The Austrian newspaper “Der Standard” published an article about Katharina in their research section. In the article, Katharina also talks about P3F as one of her exciting research projects.
Yesterday, we visited the netidee spring talk to present the progress of our project. The subsequent discussion was very fruitful and our brand-new privacy T-shirt collection received a lot of attention.
(photo credits: netidee)
We are happy to announce that we received a follow-up funding to port the P3F framework to Google Glass!! We are so excited to play around with Google Glass and to the upcoming challences that this new technology implies!
As Adrian is still in Tokyo, he unfortunately couldn’t join this picture from the netidee best-of ceremony. Of course we will celebrate as soon as returns 🙂
It’s summer, imagine you are on holidays in Bali. The weather is perfect, the water is clear and the sand not too hot to walk on. You want to enjoy the beach so you put on your red bikini. Now you are standing in the sand, nearby are other tourists having fun. One of them as a camera and makes snapshots of his friends. Unfortunately you are not too far away from them and appear on almost every picture, but you don’t know that. Suddenly you pay attention to the photographer and realize that you may be on some of the pictures he just took. Oh noes! You are in a very uncomfortable situation and too shy to ask the photographer to show you the pictures he just made and maybe erase the ones you don’t like. Luckily you are wearing the red P3F bikini and thanks god, the photographer uses the P3F framework to check his images for privacy policies encoded in the swimwear of the people he just recorded!
His P3F framework is just a prototype version developed in Matlab. Matlab is a great platform to develop things like that – it has cool toolboxes that make image processing easy and fun.
The core components of our Matlab implementation are:
- Preprocessor: pre-processes the image to remove distortions e.g. caused by illumination
- Face Detector: detects faces in the image
- Artefact Detector: detects P3F artefacts on people inside the image
We are currently working on a comprehensive document that describes the components in detail. We are also working on a new, enhanced version that supports more complex patterns. We are also improving face detection and body segmentation to minimize false positives.
A new gadget joined the P3F team. We are finally proud owners of the Google Glass Explorer version. 🙂
Besides playing around and exploring the Glass API, we are currently working on a proposal to apply for a netidee follow-up grant. We would really like to take P3F to the next level and include Glass feature.

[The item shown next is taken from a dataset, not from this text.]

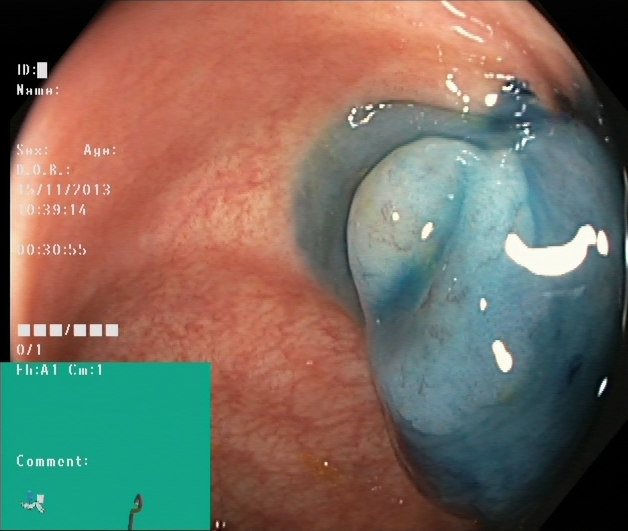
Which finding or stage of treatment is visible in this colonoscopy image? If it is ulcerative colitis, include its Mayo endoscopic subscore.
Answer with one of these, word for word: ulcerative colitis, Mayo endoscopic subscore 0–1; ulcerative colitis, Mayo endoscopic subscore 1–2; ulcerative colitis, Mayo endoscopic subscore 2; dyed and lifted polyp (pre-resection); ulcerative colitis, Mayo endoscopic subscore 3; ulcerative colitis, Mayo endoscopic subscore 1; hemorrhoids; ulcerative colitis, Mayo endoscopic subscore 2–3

Wearable such as Glass are exciting – but preserving bystanders’ privacy is challenging!
Last week, I visited SOUPS (Symposium on Usable Privacy and Security) in Menlo Park, CA, USA at the Facebook HQ. Besides listening to many interesting talks, I had the chance to meet researchers from all over the world to exchange ideas and to spread the word about P3F.
According to a news article by Gizmodo Google has formally announced that it’s opening sales of Google Glass to everyone in the U.S. Even though the price ($1,500) will still detain some potential costumers from buying this promising new device, the permanent video record of humans in public spaces is a potential scenario that we will encounter in the next years. Google Glass therefore has several privacy implications on the people that are recorded by these devices.
This development highlights the need for privacy enhancing techniques that are reliable and easy to use. The P3F framework has the ability to provide such a usable and efficient countermeasure against contiuous video recording and mass surveillance.
After evaluating the algorithms to be used in the P3F framework, we defined the general architecture of our framework and started with the prototype implementation in Matlab.
The overall goal is to modify an input image in a way so all persons on the respective image are presented as defined by their privacy policies. The first step consists of preprocessing (i.e. removal of distortions, calculation of integral/greyscale images, …). After preprocessing the image is segmented. In the P3F framework, image segmentation is performed by a face locator, a person locator and a data locator and decoder to obain a list of persons and tags. From these lists, the privacy policies are deducted and furthermore enforced.